The U.S. Food and Drug Administration approved Opill (norgestrel) for nonprescription use to prevent pregnancy. This is the first daily oral contraceptive approved for use in the U.S. without a prescription. Consumers will be able to purchase the oral contraceptive without a prescription at drug stores, convenience stores and grocery stores, as well as online.  

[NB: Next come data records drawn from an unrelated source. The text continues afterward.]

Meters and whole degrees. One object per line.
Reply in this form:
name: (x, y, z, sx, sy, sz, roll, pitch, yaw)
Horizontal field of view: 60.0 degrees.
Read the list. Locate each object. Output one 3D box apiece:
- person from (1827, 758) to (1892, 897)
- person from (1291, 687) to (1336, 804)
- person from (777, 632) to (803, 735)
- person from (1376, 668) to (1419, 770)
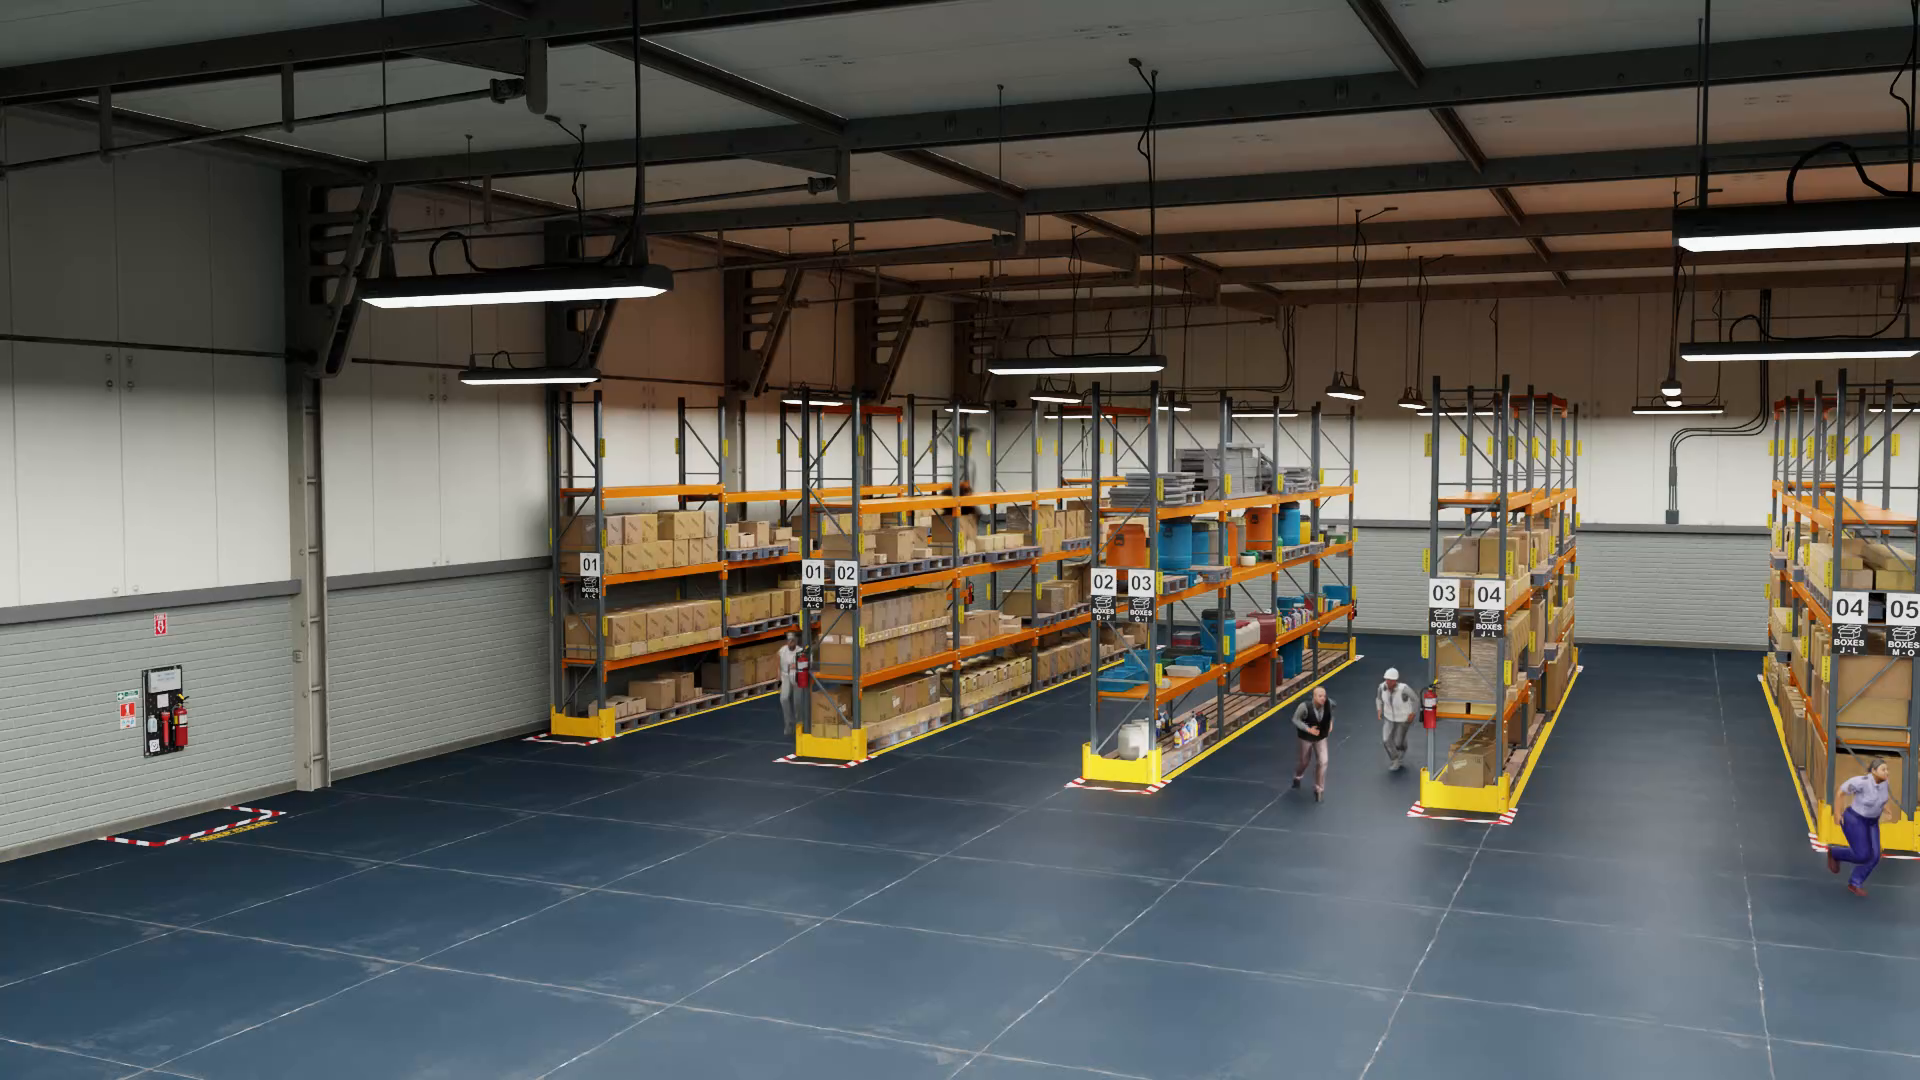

“Today’s approval marks the first time a nonprescription daily oral contraceptive will be an available option for millions of people in the United States,” said Patrizia Cavazzoni, M.D., director of the FDA’s Center for Drug Evaluation and Research, in a news release. “When used as directed, daily oral contraception is safe and is expected to be more effective than currently available nonprescription contraceptive methods in preventing unintended pregnancy.”

Governor Jared Polis praised the decision in a tweet. “In Colorado, we respect individual freedoms and protect people’s right to safe reproductive healthcare,” he said. “I applaud the FDA for taking this step and ensuring more people nationwide will have the opportunity to access safe contraceptive options like Opill. By expanding affordable reproductive health care options we can improve health outcomes and save people money on their health care.”

Nonprescription availability of Opill will allow individuals to obtain an oral contraceptive without the need to first see a health care provider. According to the FDA, almost half of the 6.1 million pregnancies in the U.S. each year are unintended, and unintended pregnancies have been linked to negative maternal and perinatal outcomes, including reduced likelihood of receiving early prenatal care and increased risk of preterm delivery, with associated adverse neonatal, developmental and child health outcomes. Availability of nonprescription Opill may help reduce the number of unintended pregnancies and their potential negative impacts.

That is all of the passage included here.